### Problem to work on
Word for word, repeat the lines of the records from the first line up to and including the line that contains "[0:00.0-0:11.0]", passing over any pictures.

### Data to process
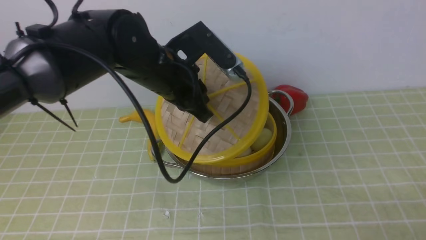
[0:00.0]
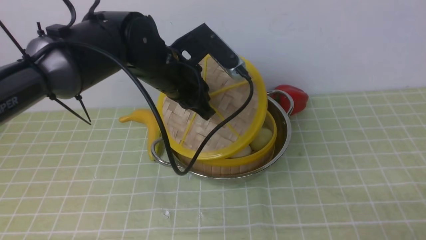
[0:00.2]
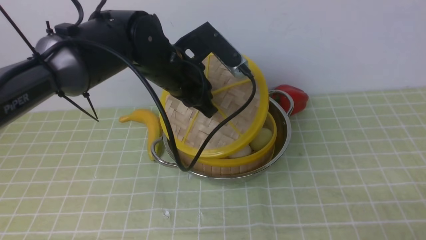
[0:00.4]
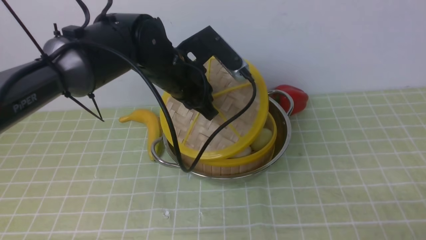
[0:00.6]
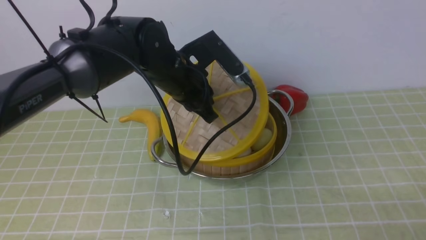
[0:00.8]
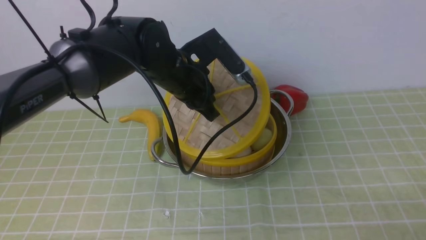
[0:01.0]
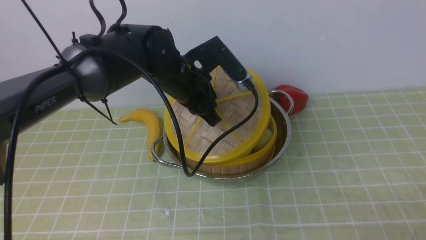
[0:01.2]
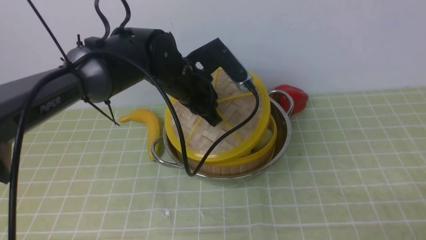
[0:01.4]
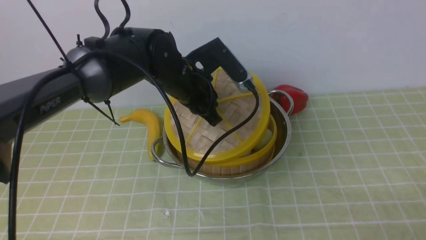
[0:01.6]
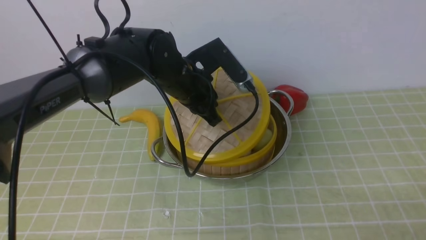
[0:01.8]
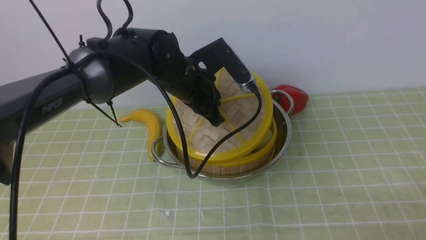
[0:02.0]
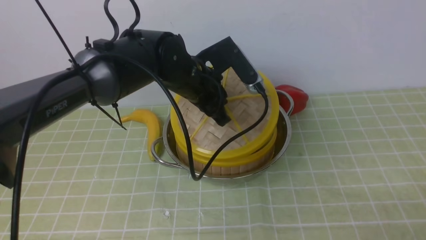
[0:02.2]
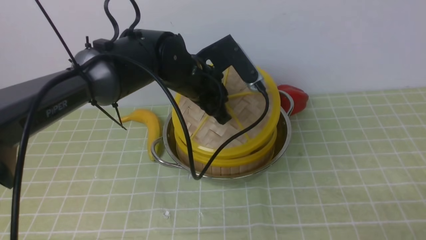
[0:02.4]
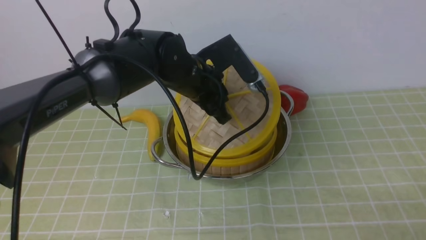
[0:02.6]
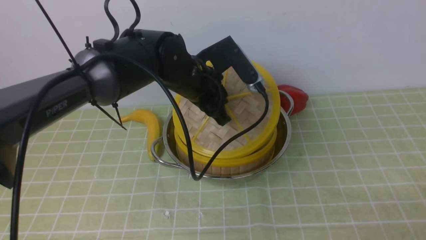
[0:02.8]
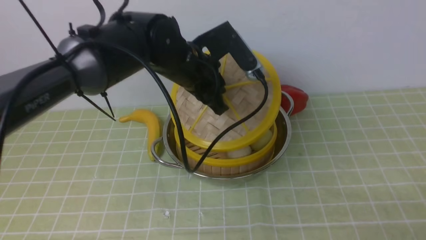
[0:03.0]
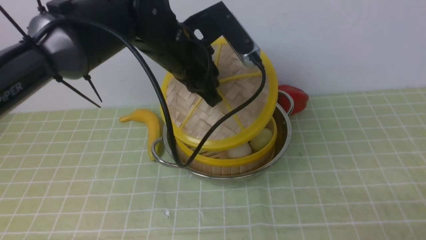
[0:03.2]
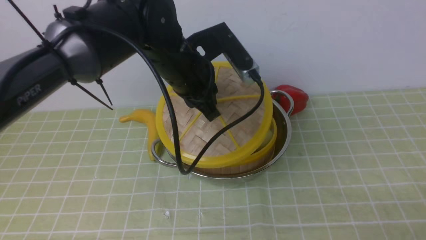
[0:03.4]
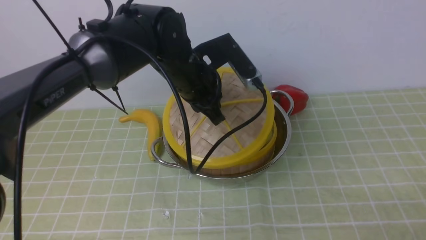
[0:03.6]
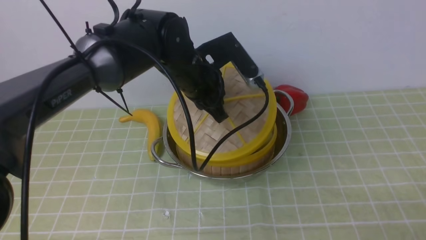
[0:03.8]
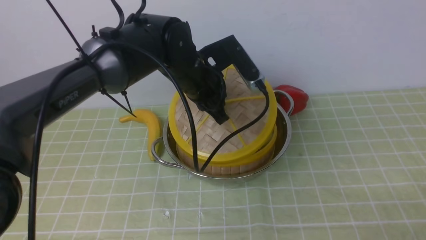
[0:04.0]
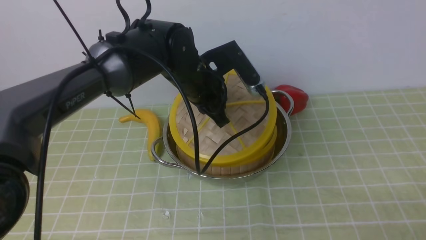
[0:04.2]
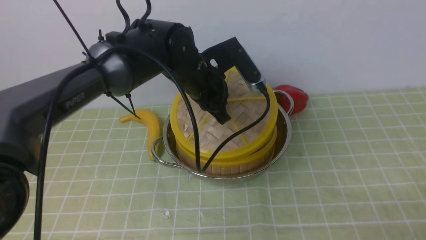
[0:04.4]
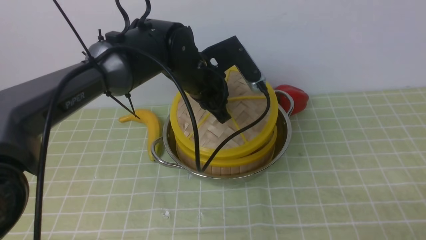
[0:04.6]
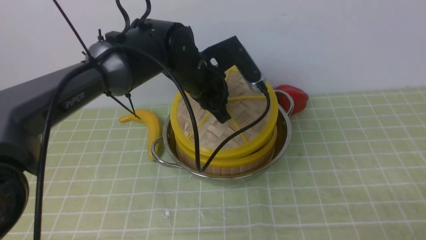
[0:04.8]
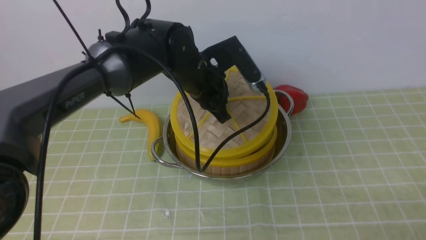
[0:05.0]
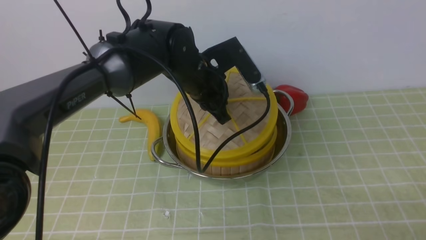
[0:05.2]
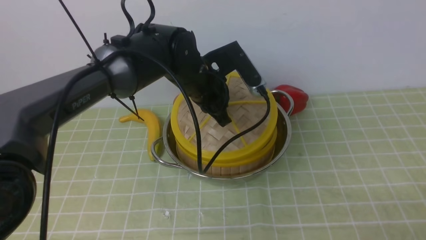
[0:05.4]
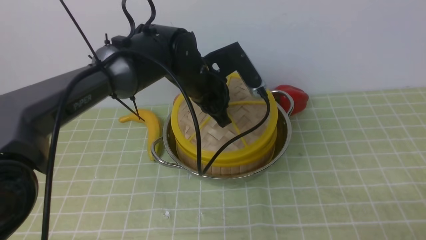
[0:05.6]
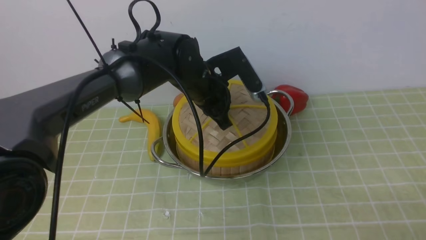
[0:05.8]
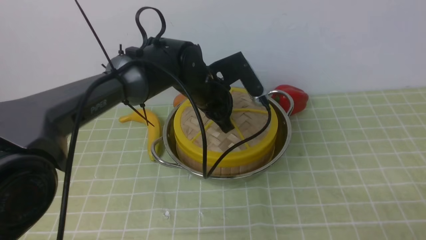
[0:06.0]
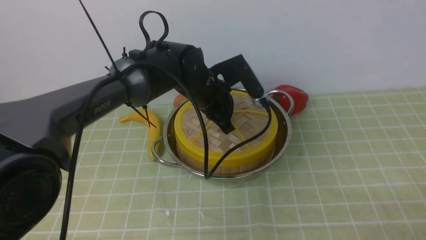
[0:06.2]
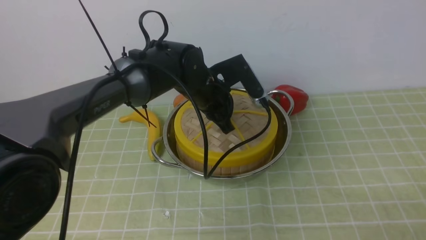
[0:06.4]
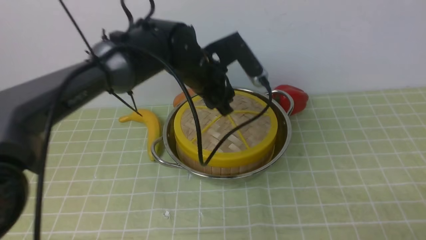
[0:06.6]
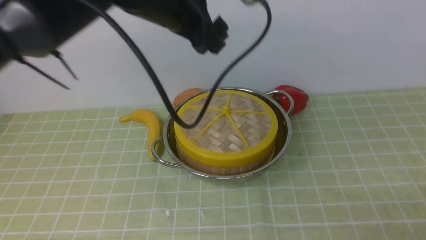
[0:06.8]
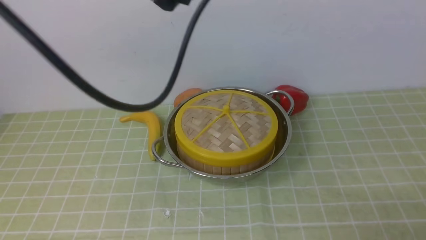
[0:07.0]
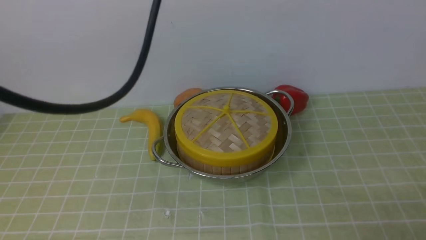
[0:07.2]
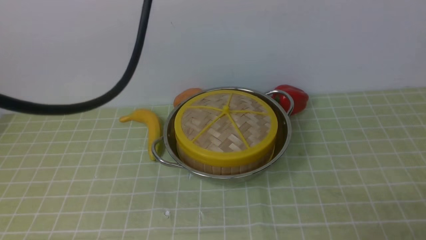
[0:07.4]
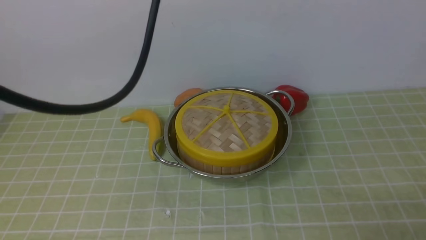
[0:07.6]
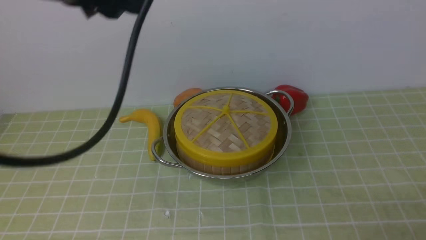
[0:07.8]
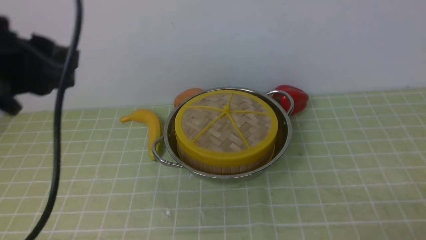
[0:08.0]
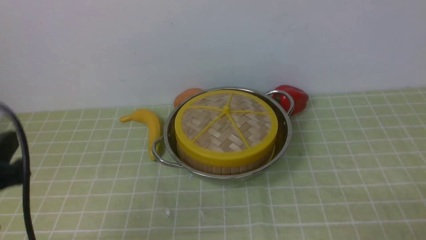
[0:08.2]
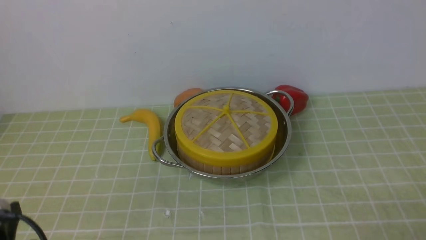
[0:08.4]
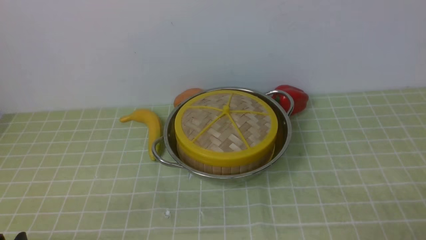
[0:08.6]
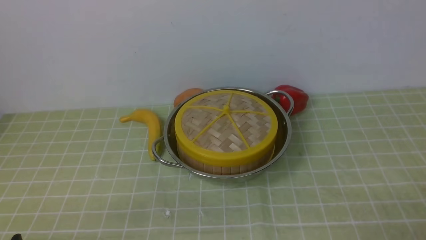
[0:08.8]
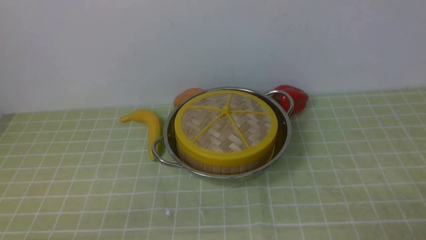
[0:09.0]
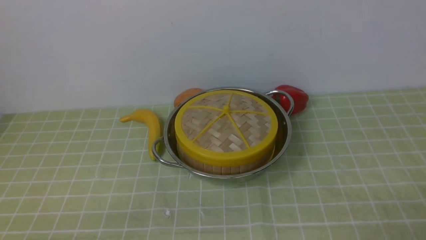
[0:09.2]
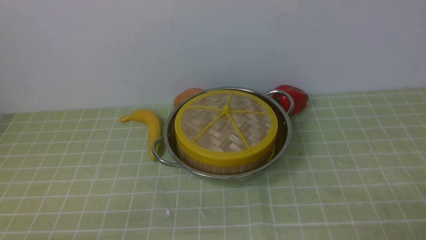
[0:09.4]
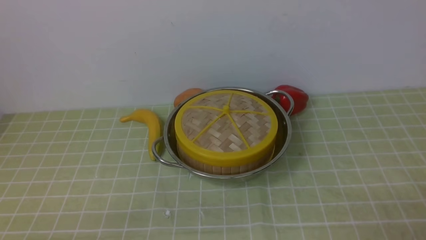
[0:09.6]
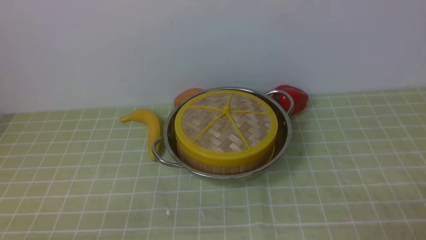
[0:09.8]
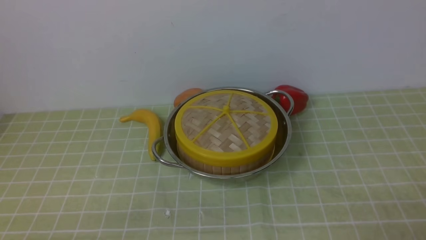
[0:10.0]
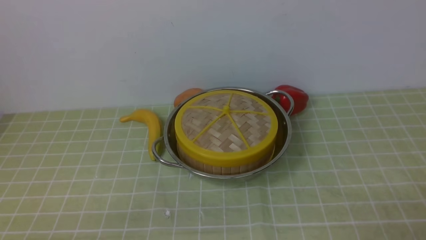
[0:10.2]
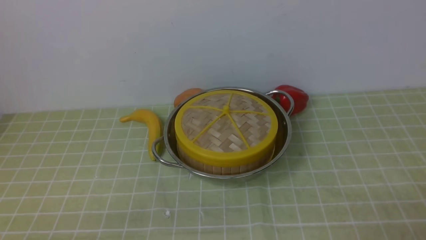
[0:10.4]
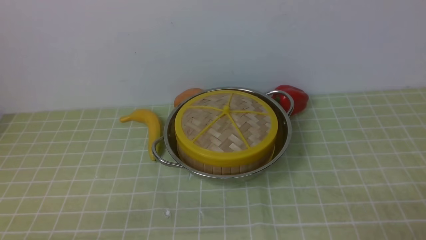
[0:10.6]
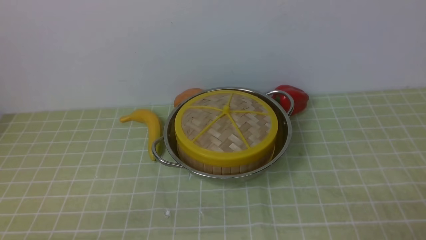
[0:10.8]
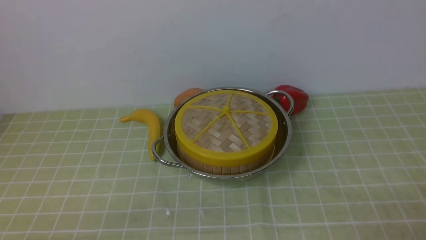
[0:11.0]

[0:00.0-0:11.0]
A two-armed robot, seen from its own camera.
Task of the whole recording: place the steamer in the pot on the green tablecloth, and put the lid on the steamer.
Step, 0:00.0 to 0:06.8: use the left arm to place the steamer lid on the steamer.
0:00.0 to 0:01.6: The left gripper ends up some 5 cm from where it was.
0:03.2 to 0:04.8: The left gripper changes place by roughly 5 cm.
0:06.2 to 0:07.8: The left gripper shifts about 30 cm upward, backward and to the left, and opens.
0:07.8 to 0:09.4: The left gripper is displaced downward and backward by approximately 35 cm.
0:09.4 to 0:11.0: The two grippers keep their place.

### Response area
[0:00.0]
[0:00.2]
[0:00.4]
[0:00.6]
[0:00.8]
[0:01.0]
[0:01.2]
[0:01.4]
[0:01.6]
[0:01.8]
[0:02.0]
[0:02.2]
[0:02.4]
[0:02.6]
[0:02.8]
[0:03.0]
[0:03.2]
[0:03.4]
[0:03.6]
[0:03.8]
[0:04.0]
[0:04.2]
[0:04.4]
[0:04.6]
[0:04.8]
[0:05.0]
[0:05.2]
[0:05.4]
[0:05.6]
[0:05.8]
[0:06.0]
[0:06.2]
[0:06.4]
[0:06.6]
[0:06.8]
[0:07.0]
[0:07.2]
[0:07.4]
[0:07.6]
[0:07.8]
[0:08.0]
[0:08.2]
[0:08.4]
[0:08.6]
[0:08.8]
[0:09.0]
[0:09.2]
[0:09.4]
[0:09.6]
[0:09.8]
[0:10.0]
[0:10.2]
[0:10.4]
[0:10.6]
[0:10.8]
[0:11.0]

[0:00.0-0:11.0]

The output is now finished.